Tehran, August 2, 2009

Iranian authorities have tightened pressure on their opponents by staging what former President Mohammad Khatami derided on Sunday as a "show trial" of 100 reformists accused of trying to instigate a "velvet revolution".

The trial was the latest shot in an official campaign to snuff out defiance by those who say Iran's June 12 election was rigged to ensure the re-election of President Mahmoud Ahmadinejad, due to be sworn in by parliament on Wednesday.

Supreme Leader Ayatollah Ali Khamenei, who has endorsed the election result and demanded an end to protests, will formally approve the hardline incumbent for a second term on Monday.

Khatami, several of whose close associates were in the dock on Saturday, said the trial violated Iran's constitution.

"Such show trials will directly harm the system and further damage public trust," he said on his website (www.khatami.ir).

Iranian officials deny any fraud in the election, in which Ahmadinejad was declared to have won 63 percent of 40 million votes cast, against 34 percent for his nearest rival, Mirhossein Mousavi -- who says the next government will be illegitimate.

The mass trial of dozens of reformists, including senior officials such as Khatami's former vice-president, Mohammad Ali Abtahi, paraded in prison dress without his clerical turban, has no precedent in revolutionary Iran's 30-year history.

Proceedings were closed to all but state media. Many of the defendants had spent weeks in jail without access to lawyers.

Some, like Abtahi, appeared to have lost weight and spirit as they assured the court that the election was free and fair.

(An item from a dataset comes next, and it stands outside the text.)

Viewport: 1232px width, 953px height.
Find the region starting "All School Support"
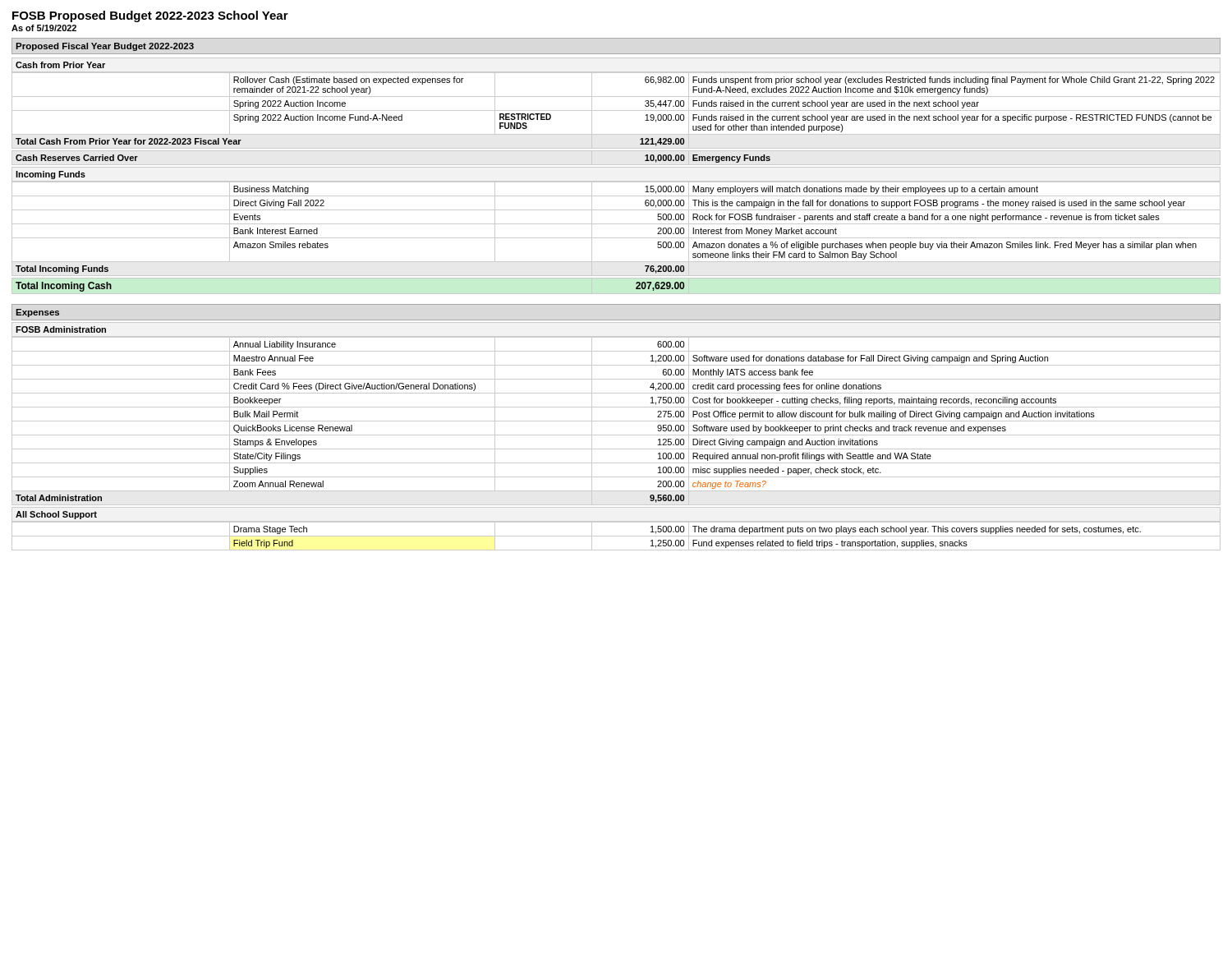click(56, 515)

The defendants were charged with rioting, attacking military and government buildings, having links with armed opposition groups and conspiring against the ruling system, the official IRNA news agency said. Some admitted guilt.

State television showed Abtahi testifying that the vote was valid and apologising for his "misjudgments". He said Mousavi, Khatami and former President Akbar Hashemi Rafsanjani had taken an oath of mutual support before the vote, IRNA reported.

This was denied by Rafsanjani, an influential cleric and veteran of the 1979 revolution who heads the Assembly of Experts that appoints and can, in theory, dismiss the supreme leader.

Khatami dismissed what he said were confessions made under duress, adding: "The detainees were not informed in advance about the court session and lacked access to lawyers."    

Although Revolutionary Guards and Basij militia suppressed huge post-election rallies, opposition leaders remain defiant.

Their supporters again braved batons and tear gas last week when they marked the 40th day after the death of Neda Agha-Soltan, a young woman shot dead on the sidelines of a protest. Film of her last moments was broadcast on the Internet.

The aftermath of the election has also exposed deep schisms within Iran's clerical and political elite, with Ahmadinejad coming under fire from many conservatives and even from his hardline allies, as well as from moderates and reformists.

His appointment as vice-president of a man mistrusted by hardliners for remarks on Israel and for hosting an event they deemed un-Islamic prompted a veto from Khamenei last month.

Ahmadinejad veered close to defying the supreme leader by delaying a week before obeying his order and then naming the same man, Esfendiar Rahim-Mashaie, as his chief of staff.

He also sacked his hardline intelligence minister, who had criticised his actions, and his culture minister resigned.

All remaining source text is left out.